LANSING – In something of a surprise, University of Michigan legal professor Joan Larsen appears likely to be Gov. Rick Snyder’s choice to succeed outgoing Justice Mary Beth Kelly, sources told Gongwer News Service.

Before Larsen’s name came out, most observers expected that either Appeals Judge Kirsten Frank Kelly or Oakland Circuit Judge Colleen O’Brien would be named to the bench. O’Brien had run for the court as a Republican nominee in 2014, but fell short of election.

If named, Larsen will share with Justice Bridget McCormack the career aspects of being a professor at the University of Michigan and not having any judicial experience. She would be the third justice on the bench with no previous judicial experience. Justice Richard Bernstein was elected to court after being primarily in private practice during his career.

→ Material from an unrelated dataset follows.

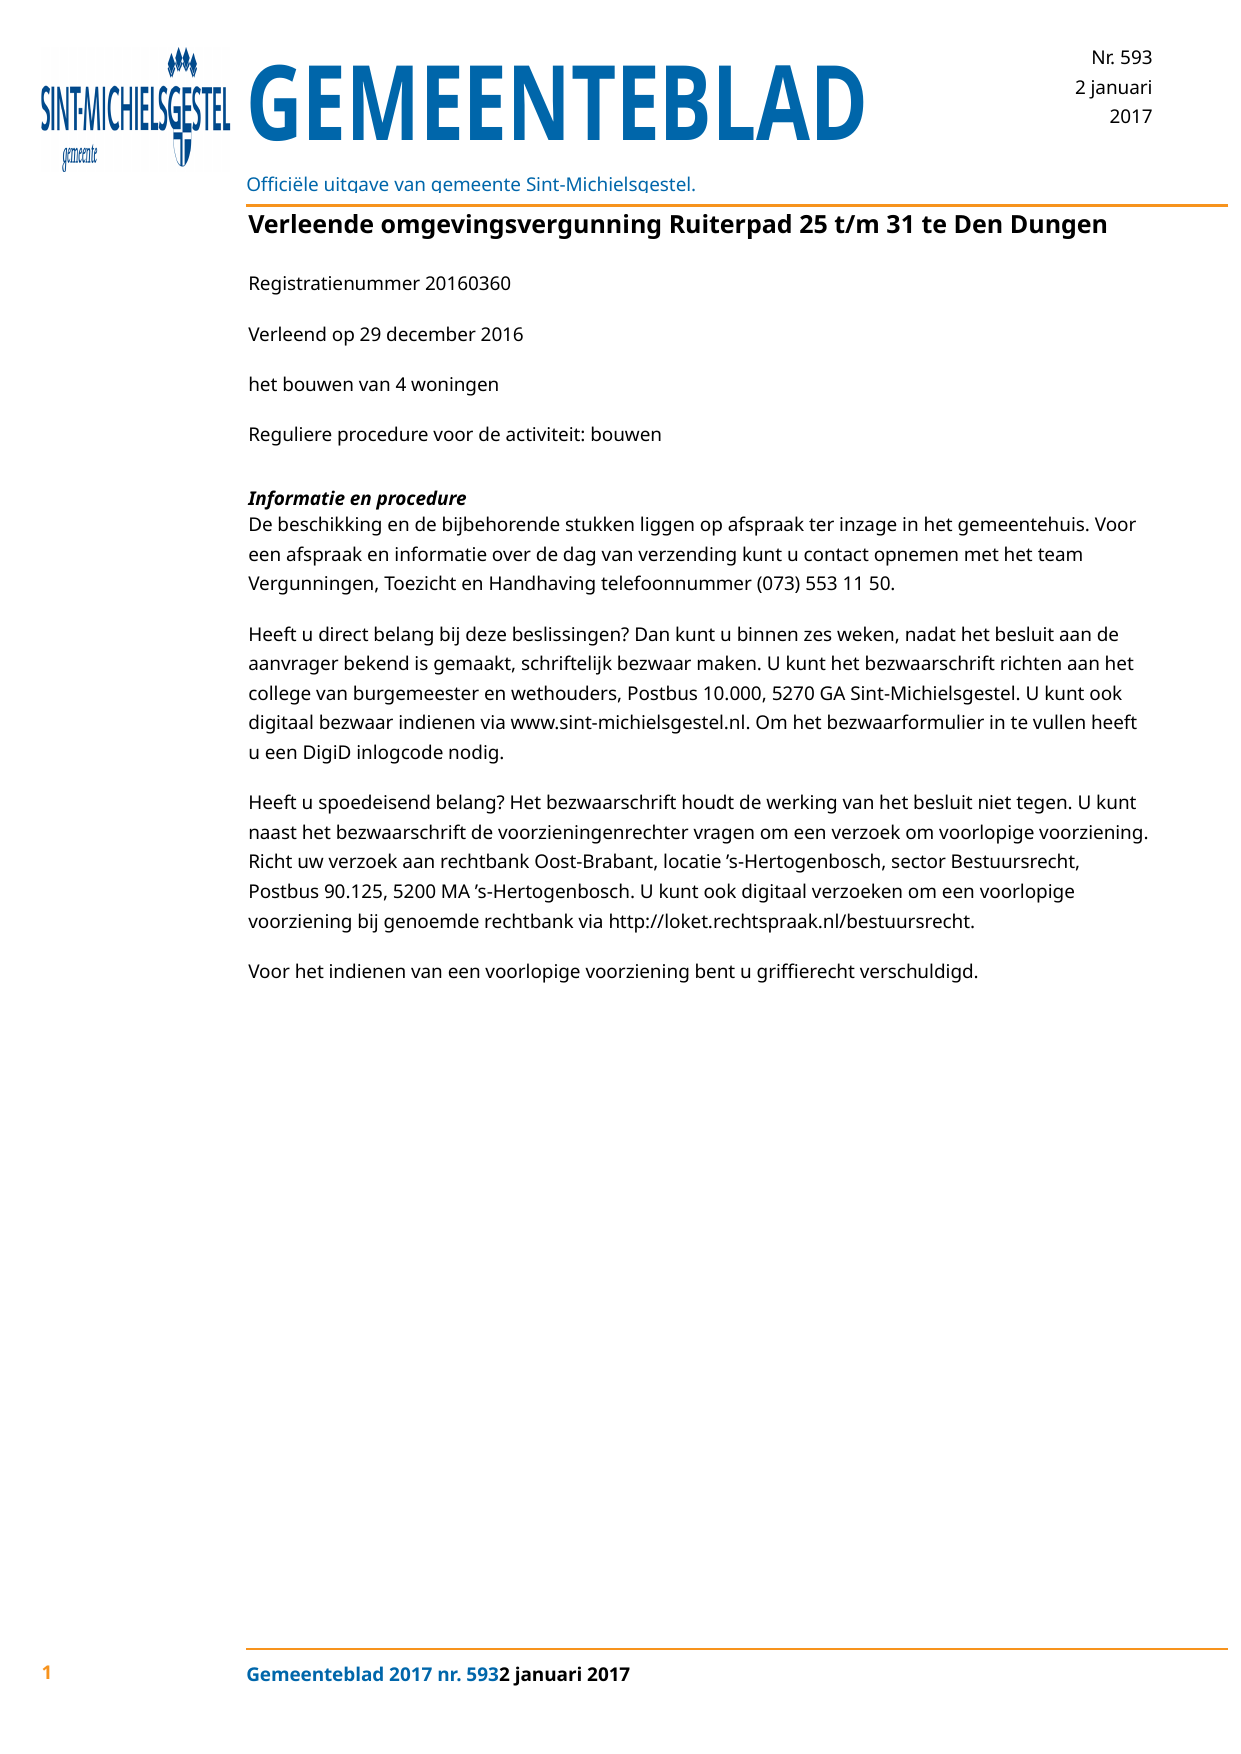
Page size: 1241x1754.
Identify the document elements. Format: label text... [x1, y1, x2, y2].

But Larsen will also likely come to the bench with a more conservative bent than McCormack. Two sources speaking on condition of anonymity said she was proposed by Chief Justice Robert Young Jr.

Larsen and Young have appeared on programs held by the conservative legal group The Federalist Society.

A phone call left at Larsen’s office in Ann Arbor was not returned.

Kelly is leaving the court to return to private practice and to spend more time promoting juvenile justice issues. Nominated by the Republicans, she was elected in 2012, and while she had generally sided with the GOP majority on the court, she has proven a more independent vote. She opposed the majority in 2014 that held that juveniles already imprisoned for life without parole (before the U.S. Supreme Court held that was unconstitutional) were not eligible to have parole hearings. And this past summer Kelly wrote the dissent in the opinion that held right-to-work applied to state civil service workers.

Larsen is now special counsel to the U-M law school dean. She earned her law degree from Northwestern University in Evanston, Illinois. After graduation, she clerked for both U.S. Appeals Judge David Sentelle and U.S. Supreme Court Justice Antonin Scalia.

She worked with the firm of Sidley and Austin in Washington, D.C. She also served as deputy assistant U.S. attorney general in 2002 and 2003 in the office of legal counsel. She began with the U-M law school in 1998.